I’ve been looking at the Java servlets stuff for a couple of days now and it’s clear that it bears a remarkable similarity to mod_perl.

  • In mod_perl, you define handler() which gets passed a $r object to deal with the request and send a response. Servlets make things a little more explicit. You make doGet() or doPost() methods, which get passed separate request and response. But they’re basically equivalent to $r.
  • mod_perl and servlets both have filters, but they work in slightly different ways. servlets are much more explicit; you have to forward the call on to the next servlet when you’re done. mod_perl handles things nearly implicitly (with help from Apache::Filter).
  • mod_perl is exposing the apache httpd API so you get access to different request phases. servlets run in a completely different environment, so that just isn’t applicable to them.
  • Whats also incredibly similiar to both pieces of software is that most people think that they’re far too low level and have come up with higher level “frameworks” on top.
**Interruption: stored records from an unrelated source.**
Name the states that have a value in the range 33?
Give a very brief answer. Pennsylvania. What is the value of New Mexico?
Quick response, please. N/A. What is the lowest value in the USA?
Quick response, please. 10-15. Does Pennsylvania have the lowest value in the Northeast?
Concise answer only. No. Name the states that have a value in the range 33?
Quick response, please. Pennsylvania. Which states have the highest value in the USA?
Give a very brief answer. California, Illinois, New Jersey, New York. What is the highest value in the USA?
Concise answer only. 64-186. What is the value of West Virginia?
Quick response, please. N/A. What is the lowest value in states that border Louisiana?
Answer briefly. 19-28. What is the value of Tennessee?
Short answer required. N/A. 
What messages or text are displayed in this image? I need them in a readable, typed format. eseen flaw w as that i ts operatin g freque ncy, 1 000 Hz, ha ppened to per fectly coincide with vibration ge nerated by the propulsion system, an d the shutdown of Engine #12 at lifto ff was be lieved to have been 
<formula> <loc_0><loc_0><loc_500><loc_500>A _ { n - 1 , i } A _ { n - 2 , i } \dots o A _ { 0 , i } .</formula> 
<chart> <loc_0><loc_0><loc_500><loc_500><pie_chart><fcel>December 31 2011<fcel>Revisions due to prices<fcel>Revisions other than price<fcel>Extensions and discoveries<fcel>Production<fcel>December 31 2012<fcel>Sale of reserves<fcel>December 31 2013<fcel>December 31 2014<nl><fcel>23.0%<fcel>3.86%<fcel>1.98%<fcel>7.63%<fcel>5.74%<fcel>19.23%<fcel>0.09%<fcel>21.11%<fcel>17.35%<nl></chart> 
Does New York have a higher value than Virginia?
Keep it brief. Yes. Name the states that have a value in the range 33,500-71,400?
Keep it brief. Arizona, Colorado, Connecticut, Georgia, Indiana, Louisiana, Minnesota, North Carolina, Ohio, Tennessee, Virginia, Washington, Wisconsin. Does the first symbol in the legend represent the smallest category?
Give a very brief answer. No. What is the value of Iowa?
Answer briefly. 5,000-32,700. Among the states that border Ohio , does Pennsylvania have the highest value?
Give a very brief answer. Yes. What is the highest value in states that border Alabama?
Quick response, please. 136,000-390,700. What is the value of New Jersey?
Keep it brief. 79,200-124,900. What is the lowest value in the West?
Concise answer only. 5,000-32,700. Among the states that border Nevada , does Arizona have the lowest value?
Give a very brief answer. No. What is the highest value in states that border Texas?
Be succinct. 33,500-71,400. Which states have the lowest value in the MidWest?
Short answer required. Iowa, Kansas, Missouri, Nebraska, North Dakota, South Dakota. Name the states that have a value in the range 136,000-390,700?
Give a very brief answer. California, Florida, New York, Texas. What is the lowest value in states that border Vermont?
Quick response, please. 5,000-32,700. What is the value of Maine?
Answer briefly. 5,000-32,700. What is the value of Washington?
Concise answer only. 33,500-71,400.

The standard one for Java appears to be JSP, which on close inspection bear a marked similiarity to HTML::Mason. As with mod_perl though, no one framework covers everybody’s needs, so there are lots of similiar, competing ones.
  • One thing that’s markedly different between the two is deployment and configuration. Most mod_perl deployments tend towards the messy, unless the application is packaged up like a CPAN module. But configuration is always manually done. Servlets come with a nicely defined “deployment descriptor” (aka “config file”—they love big words in the Java world). In addition, there’s a standardised directory layout and packaging format making it easy to deploy your application. In theory. I haven’t actually got as far as deploying an application in a production environment yet, but it looks reasonable to me.